Responses to p53 candidate peptides in C57BL/6-DR4 mice. a and c C57BL/6-DR4 mice were immunised with p53(29) or p53(63) peptide, and CD8-depleted splenocytes displayed no proliferative responses to the peptide whether tested after one or two in vitro peptide restimulations. b and d No cytokine production was observed in the splenocytes of mice immunised with p53(29) or p53(63) peptide. e CD8-depleted splenocytes of C57BL/6-DR4 mice immunised with p53(108) peptide, displayed peptide-specific proliferation; the HLA-DR restriction of the response was demonstrated by blockade with L243 antibody (data not shown). f IL-5 was produced by splenocytes of immunised mice in response to the p53(108) peptide, but not to the irrelevant peptide HA(307); no IFN-γ production to p53(108) peptide was observed in C57BL/6-DR4 mice (data not shown).

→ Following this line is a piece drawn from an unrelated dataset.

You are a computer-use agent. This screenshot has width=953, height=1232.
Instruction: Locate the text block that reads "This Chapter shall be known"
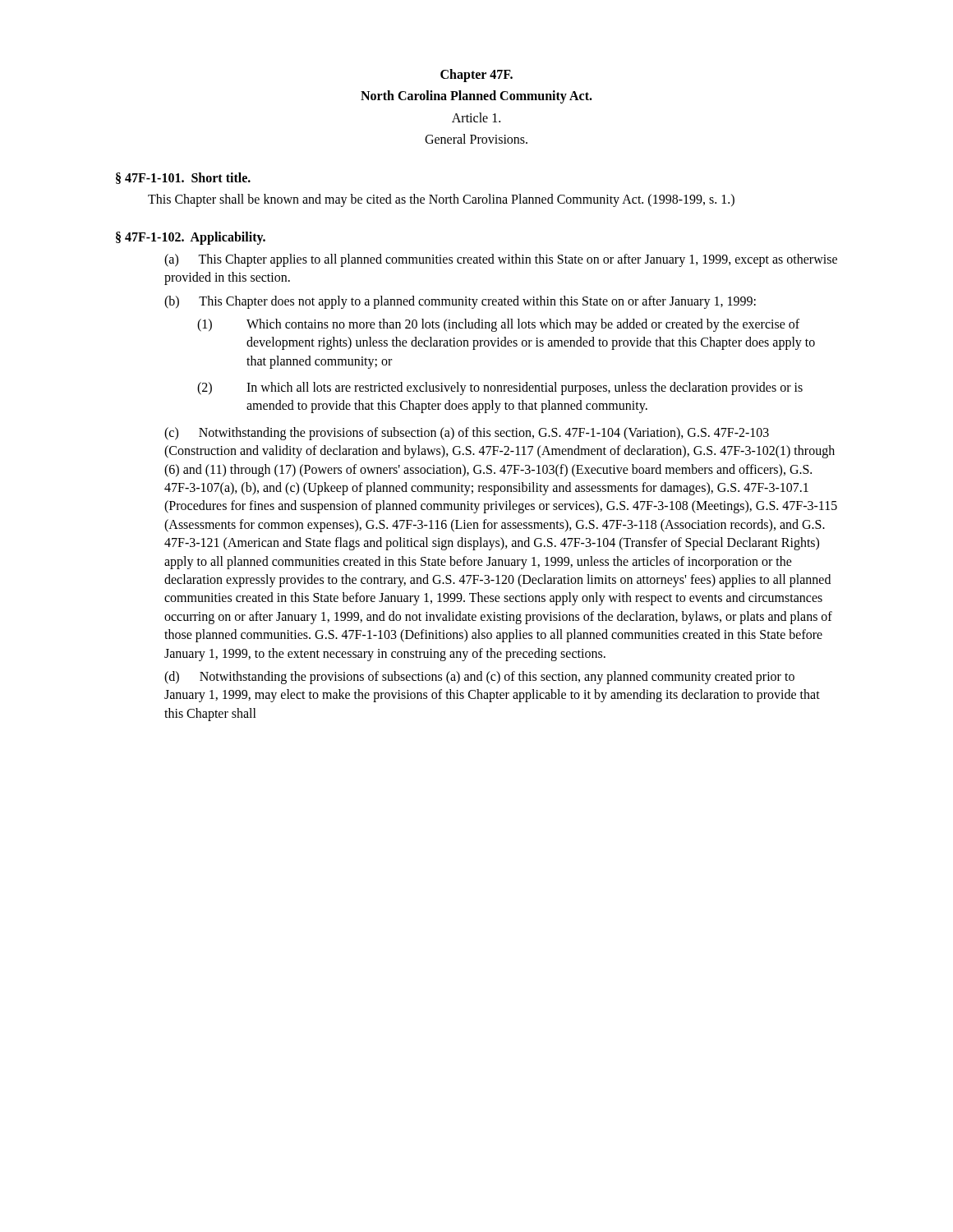point(476,200)

Data presented are representative of two independent experiments for p53(29) peptide, three for p53(63) peptide and four for p53(108) peptide. ***p<0.001, unpaired Student’s t test.

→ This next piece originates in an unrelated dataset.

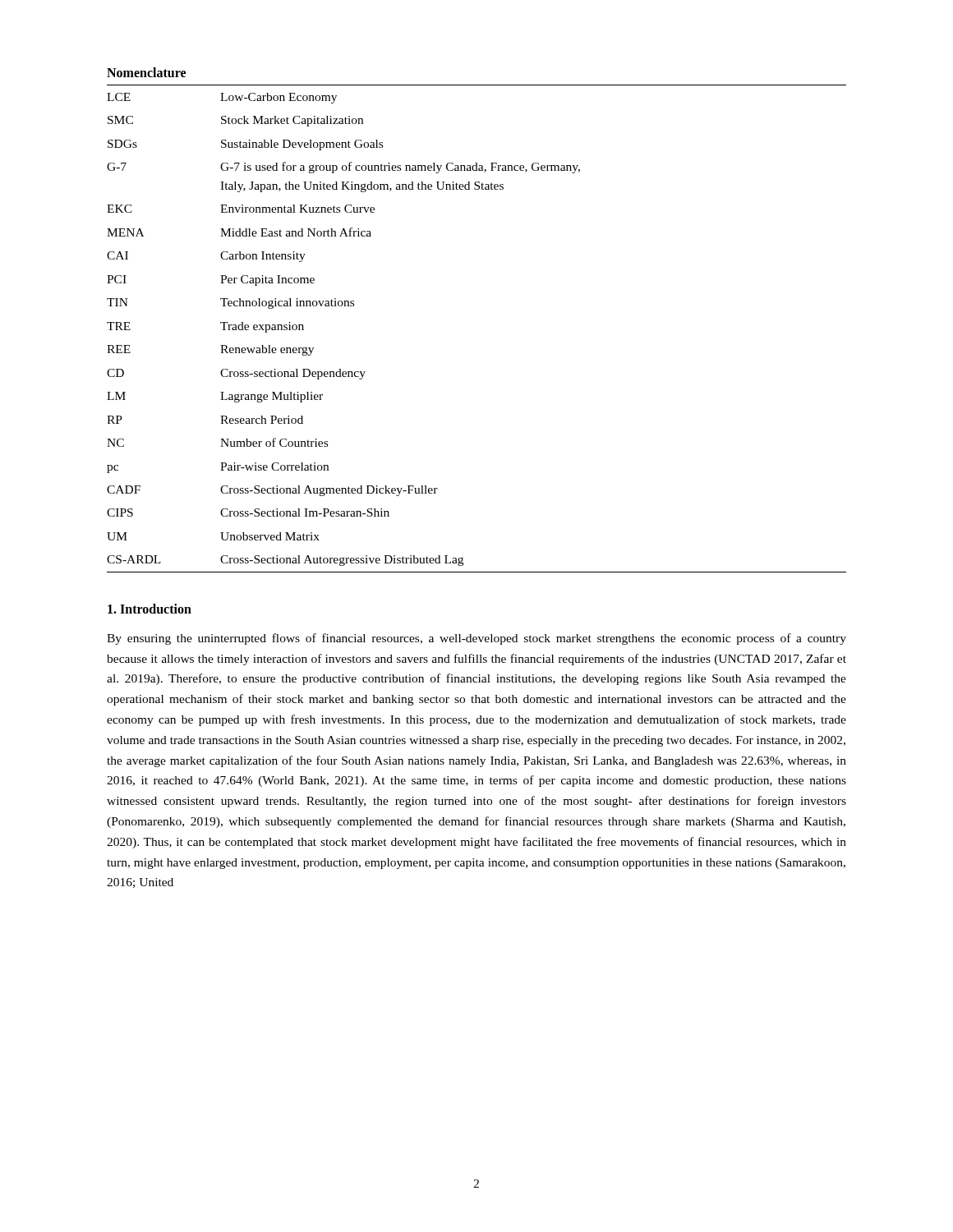
Task: Click on the table containing "Trade expansion"
Action: 476,329

p53(108) Peptide is naturally processed
The splenocytes of mice immunised with p53(108) peptide respond to p53+ tumour cell lysate but not p53− tumour cell lysate
FVB/N-DR1 mice were immunised with p53(108) peptide as described previously and restimulated twice with peptide-pulsed mitomycin C–treated naïve syngeneic splenocytes. Proliferative responses and cytokine production to the peptide and to p53+ tumour cell lysate were then assessed by coculture with BM-DCs pulsed with the relevant peptide p53(108) and an irrelevant peptide HA(307), and also with the cell lysate of the p53− osteosarcoma cell line SaOs-2 transfected with the full length p53 cDNA bearing a point mutation in position 273 R→H (SaOs-2/273) or transfected with the transfection vector alone (SaOs-2/v) [16]. Expression of p53 protein in SaOs-2/273 cells but not in SaOs-2/v cells was confirmed by Western blotting (Fig. 4a) and flow cytometry (data not shown). As expected, splenocytes responded to p53(108) peptide by proliferation and IL-5 secretion (Fig. 4b, c). It was also demonstrated that these responses were HLA-DR restricted (data not shown). In two independent experiments, splenocytes cultured in presence of DCs fed with p53+ cell lysate demonstrated increased proliferation and IL-5 production when compared with the cocultures of DCs fed with p53− cell lysate (Fig. 4b, c). These data suggested that BM-DCs naturally presented p53(108) peptide onto HLA-DR molecules on the cell surface following antigen processing.
Fig. 4.
Responses of p53(108) peptide–immunised FVB/N-DR1 mice to p53+ tumour cell lysate. SaOs-2/273 have been transfected with p53 bearing the point mutation R→H in position 273, whereas SaOs-2/v have been transfected with the empty vector. a Western blot analysis of the lysate demonstrated that SaOs-2/273 expressed p53 protein, whereas SaOs-2/v showed no detectable level of p53 protein. Following two in vitro restimulations with p53(108) peptide, proliferative responses (b) and IL-5 production (c) were assessed on CD8-depleted splenocytes from peptide-immunised mice. As expected, peptide-specific proliferation and IL-5 production were increased when splenocytes were cocultured with BM-DCs pulsed with the relevant peptide p53(108). Proliferation of DCs was below 300 cpm, and no IL-5 secretion was detected in cultures of DCs alone (data not shown). Proliferation and IL-5 production were also increased in the cocultures of CD8-depleted splenocytes with DCs fed with the p53+ tumour cell lysate from SaOs-2/273, when compared with cocultures with DCs fed with the p53− tumour cell lysate from SaOs-2/v. Data presented are representative of two independent experiments. **p<0.01, unpaired Student’s t test.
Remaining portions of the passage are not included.